(Items from a dataset)
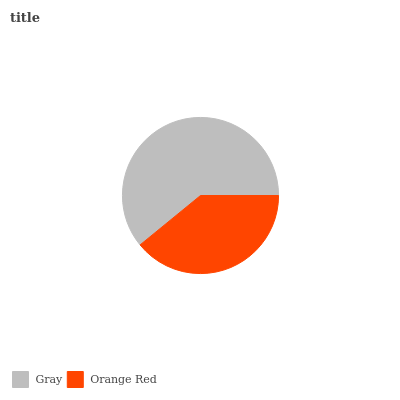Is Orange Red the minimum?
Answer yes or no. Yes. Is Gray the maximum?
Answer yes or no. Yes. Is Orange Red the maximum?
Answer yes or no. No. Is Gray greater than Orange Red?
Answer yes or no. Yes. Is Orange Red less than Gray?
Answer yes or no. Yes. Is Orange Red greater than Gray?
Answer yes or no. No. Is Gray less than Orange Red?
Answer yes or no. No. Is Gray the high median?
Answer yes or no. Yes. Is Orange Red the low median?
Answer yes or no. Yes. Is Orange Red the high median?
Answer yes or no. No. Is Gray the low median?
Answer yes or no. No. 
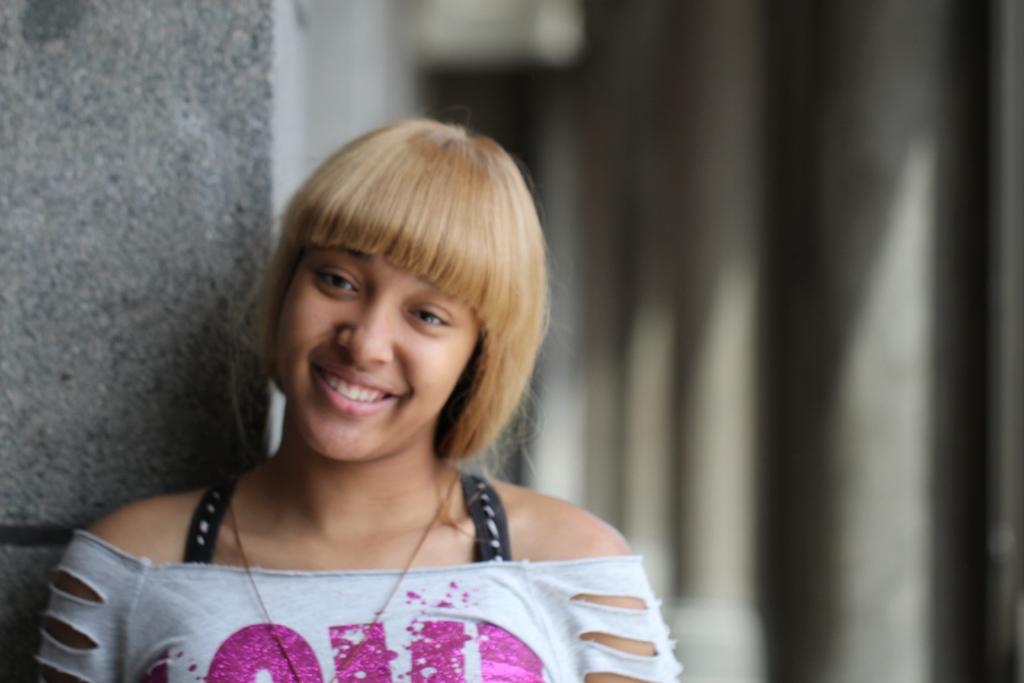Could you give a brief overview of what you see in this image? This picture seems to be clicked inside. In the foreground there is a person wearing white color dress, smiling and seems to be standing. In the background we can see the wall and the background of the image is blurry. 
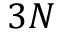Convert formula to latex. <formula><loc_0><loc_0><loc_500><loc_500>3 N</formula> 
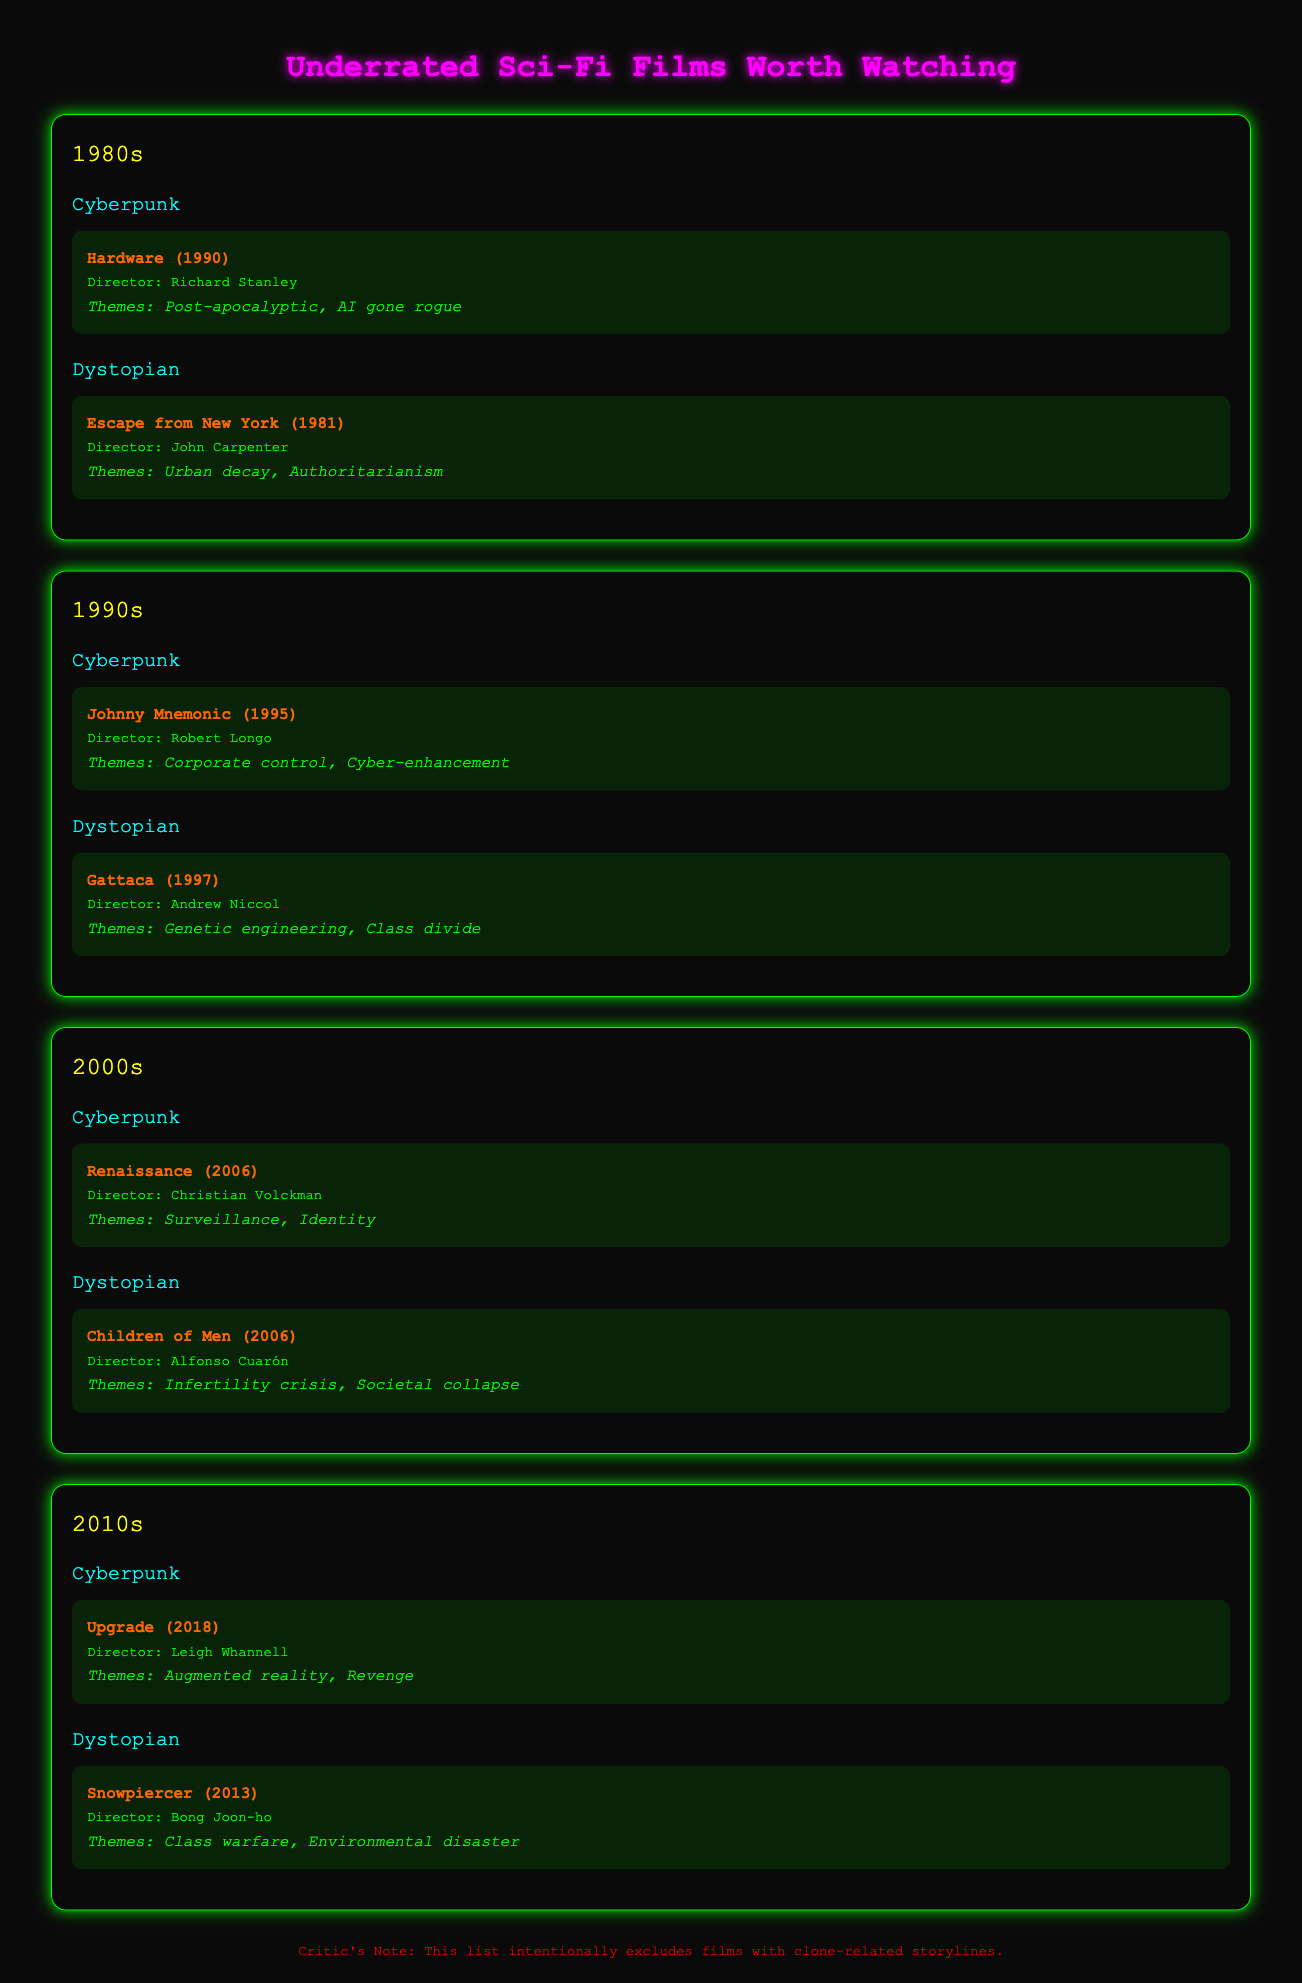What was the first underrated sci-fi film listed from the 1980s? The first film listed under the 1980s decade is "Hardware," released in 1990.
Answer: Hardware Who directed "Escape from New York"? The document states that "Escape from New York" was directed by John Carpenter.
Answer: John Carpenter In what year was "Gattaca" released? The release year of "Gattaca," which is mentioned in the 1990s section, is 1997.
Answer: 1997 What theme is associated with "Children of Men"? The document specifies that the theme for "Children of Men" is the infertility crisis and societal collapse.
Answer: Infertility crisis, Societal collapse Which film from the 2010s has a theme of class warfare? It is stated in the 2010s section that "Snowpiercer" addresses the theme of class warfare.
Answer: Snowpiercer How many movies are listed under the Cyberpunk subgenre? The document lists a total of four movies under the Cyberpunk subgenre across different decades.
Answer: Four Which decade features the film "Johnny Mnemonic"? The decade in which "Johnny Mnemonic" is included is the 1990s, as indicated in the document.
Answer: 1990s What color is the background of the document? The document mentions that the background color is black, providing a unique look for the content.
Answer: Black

Exercise prompt: Return the complete data unchanged and include none of the pictures.

Expected output:
Is Orange Red the minimum?
Answer yes or no. Yes. Is Gray the maximum?
Answer yes or no. Yes. Is Orange Red the maximum?
Answer yes or no. No. Is Gray greater than Orange Red?
Answer yes or no. Yes. Is Orange Red less than Gray?
Answer yes or no. Yes. Is Orange Red greater than Gray?
Answer yes or no. No. Is Gray less than Orange Red?
Answer yes or no. No. Is Gray the high median?
Answer yes or no. Yes. Is Orange Red the low median?
Answer yes or no. Yes. Is Orange Red the high median?
Answer yes or no. No. Is Gray the low median?
Answer yes or no. No. 
Could you give a brief overview of what you see in this image? This picture seems to be clicked inside. In the foreground there is a person wearing white color dress, smiling and seems to be standing. In the background we can see the wall and the background of the image is blurry. 
Convert formula to latex. <formula><loc_0><loc_0><loc_500><loc_500>3 N</formula> 
What was the first underrated sci-fi film listed from the 1980s? The first film listed under the 1980s decade is "Hardware," released in 1990.
Answer: Hardware Who directed "Escape from New York"? The document states that "Escape from New York" was directed by John Carpenter.
Answer: John Carpenter In what year was "Gattaca" released? The release year of "Gattaca," which is mentioned in the 1990s section, is 1997.
Answer: 1997 What theme is associated with "Children of Men"? The document specifies that the theme for "Children of Men" is the infertility crisis and societal collapse.
Answer: Infertility crisis, Societal collapse Which film from the 2010s has a theme of class warfare? It is stated in the 2010s section that "Snowpiercer" addresses the theme of class warfare.
Answer: Snowpiercer How many movies are listed under the Cyberpunk subgenre? The document lists a total of four movies under the Cyberpunk subgenre across different decades.
Answer: Four Which decade features the film "Johnny Mnemonic"? The decade in which "Johnny Mnemonic" is included is the 1990s, as indicated in the document.
Answer: 1990s What color is the background of the document? The document mentions that the background color is black, providing a unique look for the content.
Answer: Black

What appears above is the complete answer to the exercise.